U.S. SHIP MANAGEMENT PROTESTS MAERSK LINE LTD. REQUEST TO MARAD
U.S. Ship Management, an operator of 15 U.S.-flag vessels enrolled in the federal government’s Maritime Security Program, protests Maersk Line Ltd.’s recent move to bring those ships under its direct control.
On Nov. 7, Maersk Line Ltd., the U.S.-flag vessel operator of A.P. Moller/Maersk, asked the Maritime Administration to confirm its eligibility as an MSP provider to bring the U.S. Ship Management under its management.

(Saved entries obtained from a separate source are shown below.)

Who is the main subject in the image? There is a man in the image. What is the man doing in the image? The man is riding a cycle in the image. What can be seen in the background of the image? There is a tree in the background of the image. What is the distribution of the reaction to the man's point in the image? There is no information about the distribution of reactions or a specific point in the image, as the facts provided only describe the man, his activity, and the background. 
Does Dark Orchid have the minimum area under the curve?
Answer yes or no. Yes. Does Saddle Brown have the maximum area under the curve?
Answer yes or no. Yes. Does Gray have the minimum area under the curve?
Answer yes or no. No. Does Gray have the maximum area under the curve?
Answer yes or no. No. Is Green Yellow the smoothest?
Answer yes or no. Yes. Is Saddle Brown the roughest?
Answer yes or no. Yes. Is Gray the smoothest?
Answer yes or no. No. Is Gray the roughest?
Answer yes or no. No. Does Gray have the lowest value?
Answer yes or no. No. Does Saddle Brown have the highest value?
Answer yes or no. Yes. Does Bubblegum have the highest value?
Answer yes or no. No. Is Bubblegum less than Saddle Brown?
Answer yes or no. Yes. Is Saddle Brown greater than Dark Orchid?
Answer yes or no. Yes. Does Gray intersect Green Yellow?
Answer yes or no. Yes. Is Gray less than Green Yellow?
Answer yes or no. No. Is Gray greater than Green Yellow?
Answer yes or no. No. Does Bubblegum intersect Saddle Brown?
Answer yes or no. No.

Maersk Line Ltd. currently operates four vessel in MSP.
A.P. Moller/Maersk executives also asked U.S. lawmakers for the change during a summer House Armed Services MSP reauthorization hearing.

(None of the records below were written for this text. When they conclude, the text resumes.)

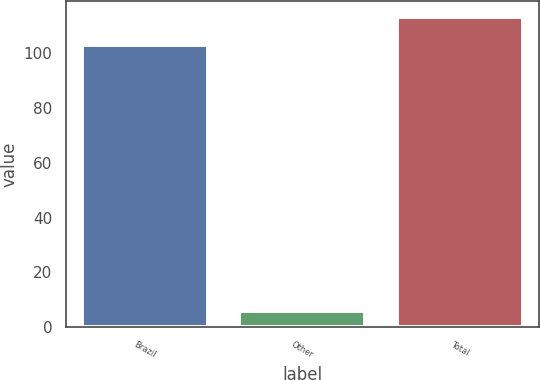Convert chart to OTSL. <chart><loc_0><loc_0><loc_500><loc_500><bar_chart><fcel>Brazil<fcel>Other<fcel>Total<nl><fcel>103<fcel>6<fcel>113.3<nl></chart> 
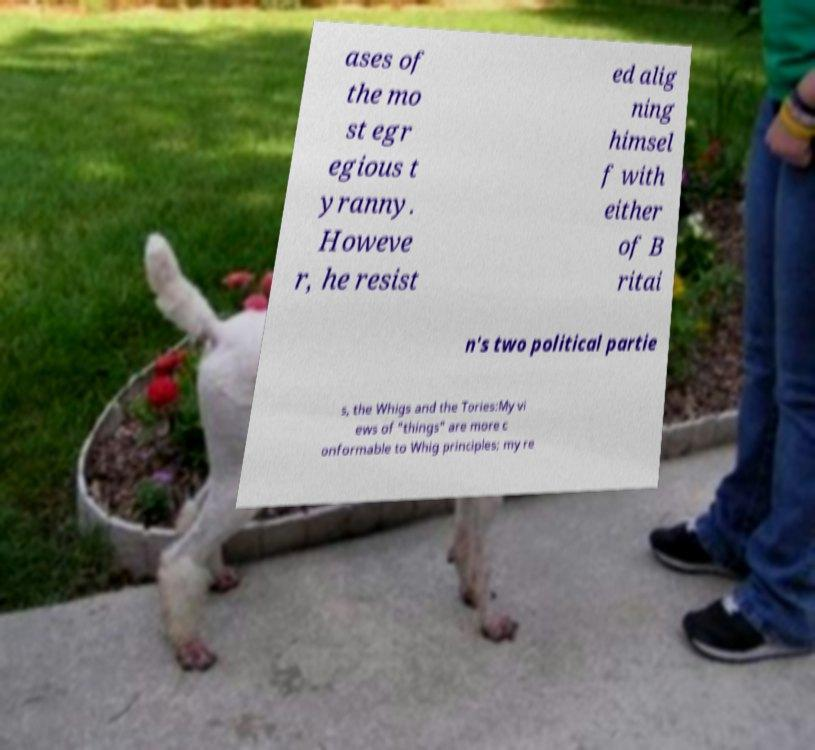Please identify and transcribe the text found in this image. ases of the mo st egr egious t yranny. Howeve r, he resist ed alig ning himsel f with either of B ritai n's two political partie s, the Whigs and the Tories:My vi ews of "things" are more c onformable to Whig principles; my re 
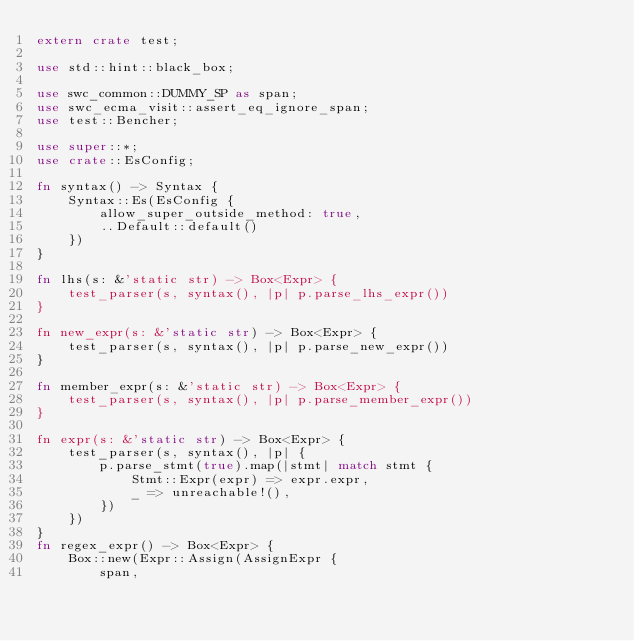<code> <loc_0><loc_0><loc_500><loc_500><_Rust_>extern crate test;

use std::hint::black_box;

use swc_common::DUMMY_SP as span;
use swc_ecma_visit::assert_eq_ignore_span;
use test::Bencher;

use super::*;
use crate::EsConfig;

fn syntax() -> Syntax {
    Syntax::Es(EsConfig {
        allow_super_outside_method: true,
        ..Default::default()
    })
}

fn lhs(s: &'static str) -> Box<Expr> {
    test_parser(s, syntax(), |p| p.parse_lhs_expr())
}

fn new_expr(s: &'static str) -> Box<Expr> {
    test_parser(s, syntax(), |p| p.parse_new_expr())
}

fn member_expr(s: &'static str) -> Box<Expr> {
    test_parser(s, syntax(), |p| p.parse_member_expr())
}

fn expr(s: &'static str) -> Box<Expr> {
    test_parser(s, syntax(), |p| {
        p.parse_stmt(true).map(|stmt| match stmt {
            Stmt::Expr(expr) => expr.expr,
            _ => unreachable!(),
        })
    })
}
fn regex_expr() -> Box<Expr> {
    Box::new(Expr::Assign(AssignExpr {
        span,</code> 
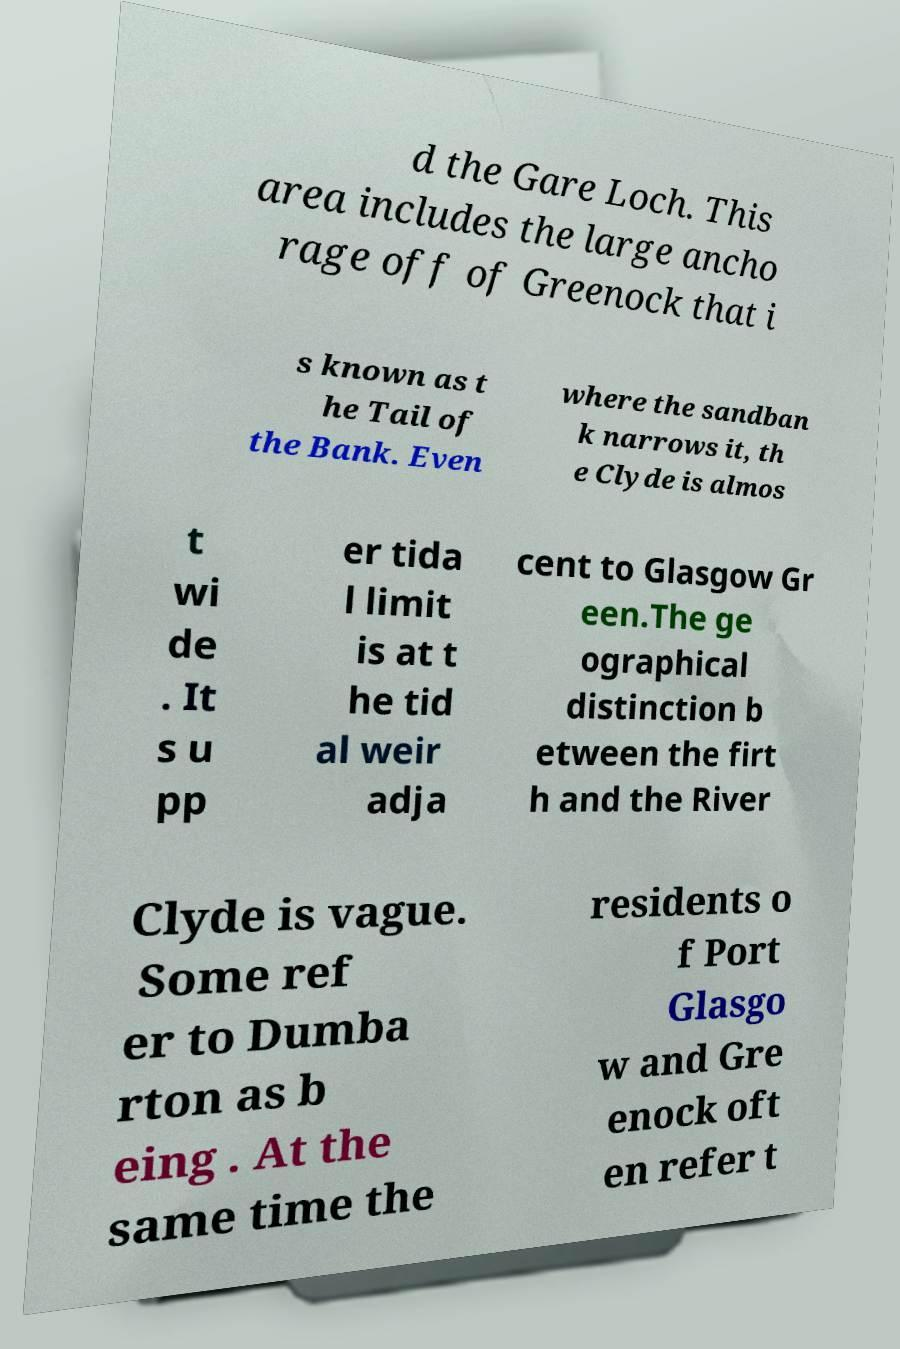Please identify and transcribe the text found in this image. d the Gare Loch. This area includes the large ancho rage off of Greenock that i s known as t he Tail of the Bank. Even where the sandban k narrows it, th e Clyde is almos t wi de . It s u pp er tida l limit is at t he tid al weir adja cent to Glasgow Gr een.The ge ographical distinction b etween the firt h and the River Clyde is vague. Some ref er to Dumba rton as b eing . At the same time the residents o f Port Glasgo w and Gre enock oft en refer t 
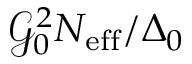Convert formula to latex. <formula><loc_0><loc_0><loc_500><loc_500>\mathcal { G } _ { 0 } ^ { 2 } N _ { e f f } / \Delta _ { 0 }</formula>

U.S. Ship Management, a section 2 citizen corporation, was formed when A.P. Moller/Maersk took over 15 MSP vessels from the former Sea-Land Service.
Under its 1999 MarAd-approved operating contracts, Maersk Line Ltd. claimed that U.S. Ship Management had agreed to transfer direct operation of the 15 vessel to Maersk when Maersk Line Ltd. elected to become the MSP contractor.

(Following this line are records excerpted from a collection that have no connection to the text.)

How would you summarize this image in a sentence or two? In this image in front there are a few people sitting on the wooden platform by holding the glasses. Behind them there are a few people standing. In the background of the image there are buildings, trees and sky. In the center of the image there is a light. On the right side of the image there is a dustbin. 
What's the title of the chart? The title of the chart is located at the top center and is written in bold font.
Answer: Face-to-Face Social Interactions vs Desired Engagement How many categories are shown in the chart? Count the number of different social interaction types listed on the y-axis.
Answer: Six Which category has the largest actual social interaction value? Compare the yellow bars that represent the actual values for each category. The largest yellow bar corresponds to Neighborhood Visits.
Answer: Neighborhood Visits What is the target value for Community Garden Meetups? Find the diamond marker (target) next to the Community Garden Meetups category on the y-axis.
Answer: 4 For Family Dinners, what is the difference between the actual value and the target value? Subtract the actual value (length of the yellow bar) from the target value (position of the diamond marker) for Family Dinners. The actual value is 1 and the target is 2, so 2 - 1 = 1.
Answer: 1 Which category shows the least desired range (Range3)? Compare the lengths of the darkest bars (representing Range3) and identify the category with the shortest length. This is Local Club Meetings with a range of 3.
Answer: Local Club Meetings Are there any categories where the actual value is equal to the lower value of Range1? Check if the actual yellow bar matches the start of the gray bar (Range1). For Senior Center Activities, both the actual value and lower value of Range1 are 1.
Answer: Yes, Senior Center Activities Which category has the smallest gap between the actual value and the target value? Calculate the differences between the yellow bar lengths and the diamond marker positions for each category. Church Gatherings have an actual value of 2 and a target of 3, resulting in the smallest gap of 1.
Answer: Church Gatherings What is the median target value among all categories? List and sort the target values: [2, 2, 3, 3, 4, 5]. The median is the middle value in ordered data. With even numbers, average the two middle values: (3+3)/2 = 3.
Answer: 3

“Maersk Line Limited having spent the past two and one half years in a futile effort to convince the Congress to adopt special purpose legislation that would allow a foreign controlled company to hijack the Maritime Security Program has now apparently claimed that they were only fooling and that the legislation isn’t really necessary,” said Joseph Keegan, president and chief executive officer of U.S. Ship Management.
“Maersk apparently thinks that they have some contractual slight of hand that would allow them to take this unprecedented action at this time,” Keegan said. “They are clearly mistaken.”